Building the biggest scientific databases
This story first appeared in SLAC Today on September 16, 2009.
The third annual Extremely Large Databases Workshop took place in Lyon, France, in late August, 2009—the first year that the workshop has taken place away from its roots at SLAC National Accelerator Laboratory. SLAC database engineer Jacek Becla and his team members Kian-Tat Lim and Daniel Wang organized the event, co-locating it with the 35th Very Large Database research conference. This year's XLDB Workshop focused on reaching out to non-US communities and scientific communities, such as geoscience, radio astronomy, and biology, that have been underrepresented at the past workshops.
Two years ago, Becla established the invitation-only Extremely Large Databases Workshop series to bring together scientific and commercial users of extremely large databases, two groups that Becla said previously had very little contact on this issue. He also invited members of academia and database manufacturers to discuss advances in database technology and, most importantly, let them hear about problems that users are having or features they'd like to see in future database engines.
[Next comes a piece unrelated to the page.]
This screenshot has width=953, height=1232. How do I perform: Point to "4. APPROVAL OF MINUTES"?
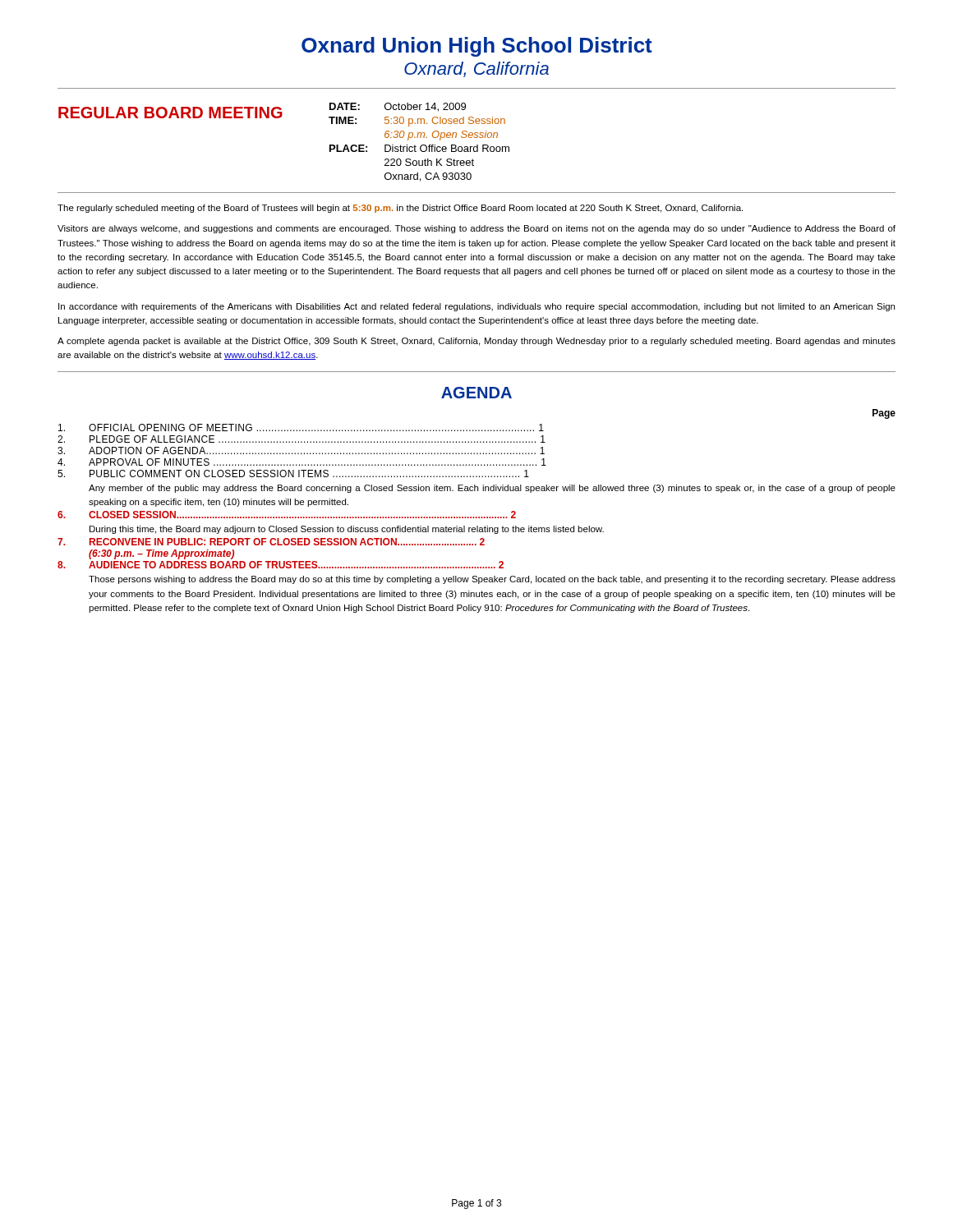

Previous XLDB workshops led to the creation of a project to build a new open-source database engine, called SciDB, geared specifically toward complex scientific analysis at extremely large scales. When SciDB is released, Becla said, it will revolutionize the way scientific analyses are done. The SciDB project has already attracted more than 20 database professors and engineers world-wide who are collaboratively designing and building the software. These include database giants Michael Stonebraker and David DeWitt, who pioneered database research and helped create technologies such as those used in today's automatic teller machines. The group demonstrated an early prototype of SciDB to several hundred people at the Very Large Database conference and again at the XLDB workshop.
"The system we are building is very different [than commercially manufactured databases]," Becla said. "We finally understand well what science's needs are, and we are building an engine that will fully address these needs, taking advantage of numerous commonalities between how different science domains want to ultimately analyze their data sets."
Today's extremely large systems are measured in petabytes. One petabyte, or one million billion bytes is non-trivial to manage. As one blogger explained, if one letter of text represented one byte, a petabyte-long line of letters in a typical font size would stretch from the Earth to the Sun ten times. As unfathomable as that number is, science experiments such as BaBar and internet companies such as Google or eBay are already producing petabytes of data, and the software must keep up. Becla's team, who built the BaBar database are now responsible for the design of the Large Synoptic Survey Telescope database, estimates that the LSST will generate more than one hundred petabytes of data.
More and more scientific disciplines are acquiring such massive amounts of data and need software to store, share, and process it, but commercial database manufacturers don't produce systems that can handle these extremely large datasets at reasonable cost and performance levels. As a result, XLDBs are typically built in-house using custom software, making them more expensive to develop and maintain. Becla began the workshop to provide a forum for sharing solutions to these problems.
The XLDB workshops include very few presentations. Instead, attendees come prepared to discuss in open forum specific issues in the field. The results of this kind of discussion have been tremendously positive, Becla said, and, as the open source SciDB database system shows, highly productive.